Table 4 reports the mAUC on the validation subset of OPHDIAT for the 8 considered CNNs and for the three studied augmentation strategies using the SD network. The "tf_efficientnet_b5_ns" with Randaugment showed the best performances for anomaly detection on the OPHDIAT validation subset. Therefore, tf_efficientnet_b5_ns with Randaugment was used as a backbone in all our experiments.

Table 4 mAUC computed on the validation subset of the OPHDIAT dataset for the SD network.

Development of a multiple-dataset network for multi-disease detection

The Multiple-Dataset network (MD) is a single detector that is trained on \(K\) datasets \({d}_{1}, \dots , {d}_{K}\). In this work, we study different scenarios. In each scenario, we train a network on a different combination of datasets. For validation, we compute the mAUC on the validation subset of each dataset independently and then compute the average. The MD network showing the best average mAUC score is then selected.

For optimizing the joint training on multiple datasets, we study three different strategies. The first strategy consisted of assigning an equal weight to each dataset during training (MD Equal). The second strategy involved assigning a weight proportional to the size of each dataset during training (MD Proportional). Finally, the third strategy consisted of assigning a weight which corresponds to the logarithmic scale of the size of each dataset during training (MD Uniform). The MD strategy was then selected based on the mAUC computed on the validation subset of the four datasets.

The same hyperparameters (MD strategy, as well as CNN architecture and augmentation strategy determined previously) are used in all MD experiments.

Table 5 reports the mAUC on the validation subset of each dataset for the MD network using the aforementioned MD strategies. This table reveals that the MD Equal showed the best results for most considered datasets. Thus, this strategy was selected in all our experiments for the MD network.

Table 5 mAUC on the validation subset of each dataset for the MD Equal, the MD Proportional and the MD Uniform strategies using tf_efficientnet_b5_ns with Randaugment.

Main outcome measure

The SD and MD networks were evaluated using AUCs calculated independently for each test dataset and for each anomaly class of the ODIR annotation system (except H and C for OphtaMaine, and H for RIADD—see Results Section). A total of 25 AUCs were thus computed for each network (4 test datasets \(\times\) 7 classes \(-\) 3 exclusions).
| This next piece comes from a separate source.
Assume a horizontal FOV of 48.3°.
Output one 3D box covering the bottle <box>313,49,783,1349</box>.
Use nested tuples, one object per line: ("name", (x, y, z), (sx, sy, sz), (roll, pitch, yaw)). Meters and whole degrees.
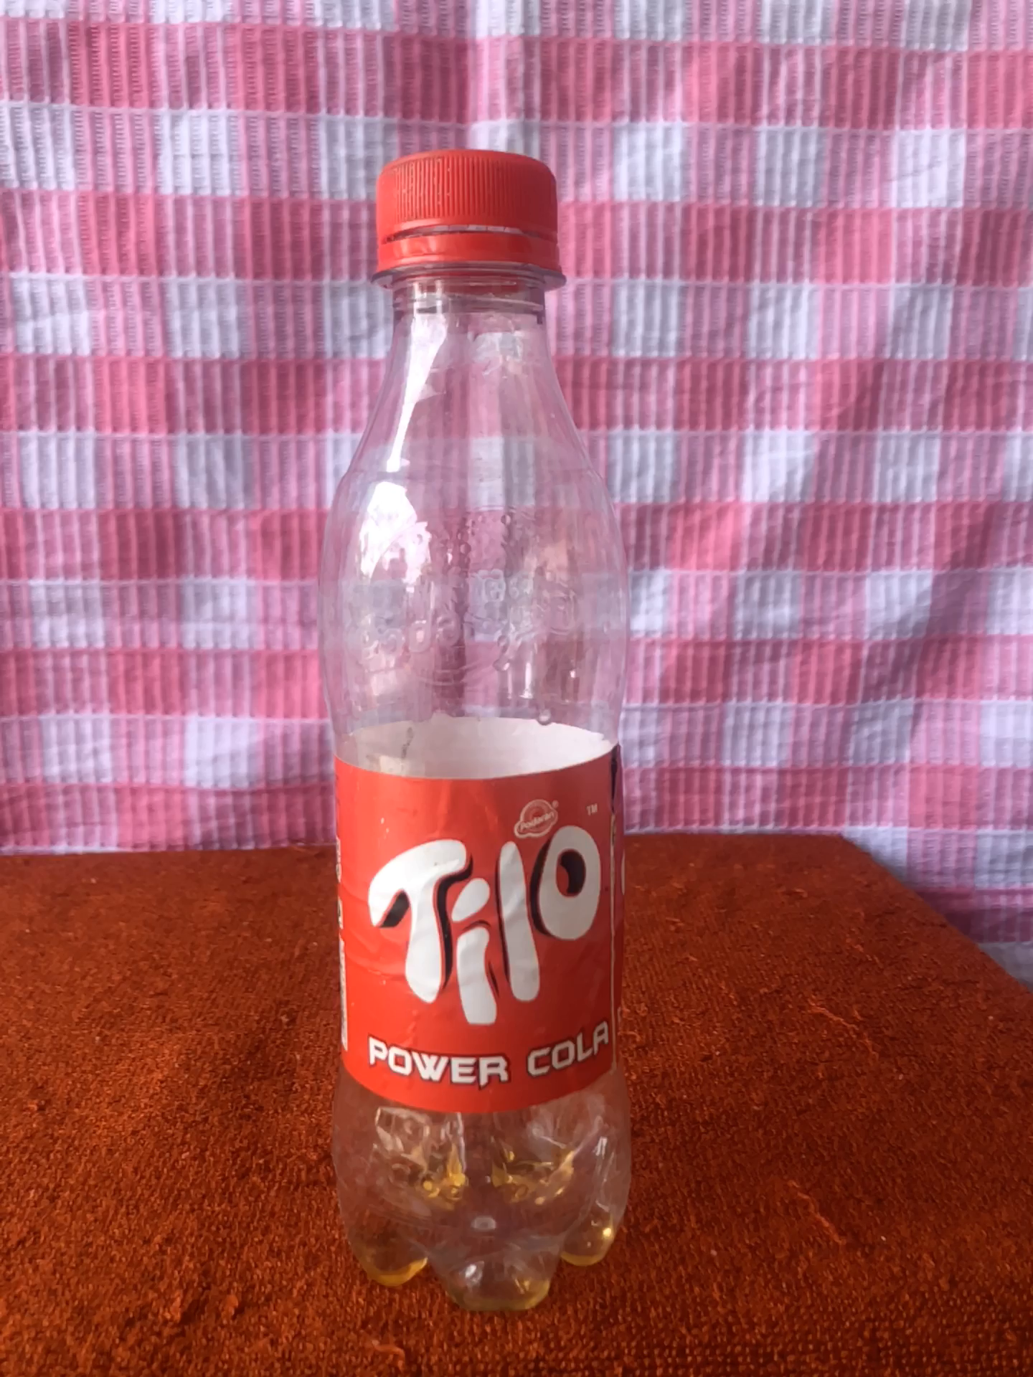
("bottle", (-0.004, 0.006, 0.197), (0.060, 0.189, 0.060), (2, 14, -1))

To assess the generality of the MD network, a leave-one-dataset-out experiment was conducted: each of the four datasets, in turn, was set fully aside for testing, i.e. its training and validation subsets were ignored. Next, a statistical evaluation was performed to compare the 25 test AUCs obtained when the corresponding training/validation datasets are ignored to those obtained when they are used. Since the AUC differences were not normally distributed and the number of paired samples (25) is less than 30, the paired samples Wilcoxon test35 was applied, instead of the usual paired samples t-test. Note that, in the leave-one-dataset-out experiment, each dataset is excluded from a single 3-tuple of datasets, but it is included in three: the one leading to the lowest mAUC was used in the comparison.

Furthermore, to compare the generality of the SD and MD networks, we also applied the paired samples Wilcoxon test to investigate whether the test AUCs obtained with the SD network are significantly different from those obtained with the MD network, when the corresponding training and validation datasets are included.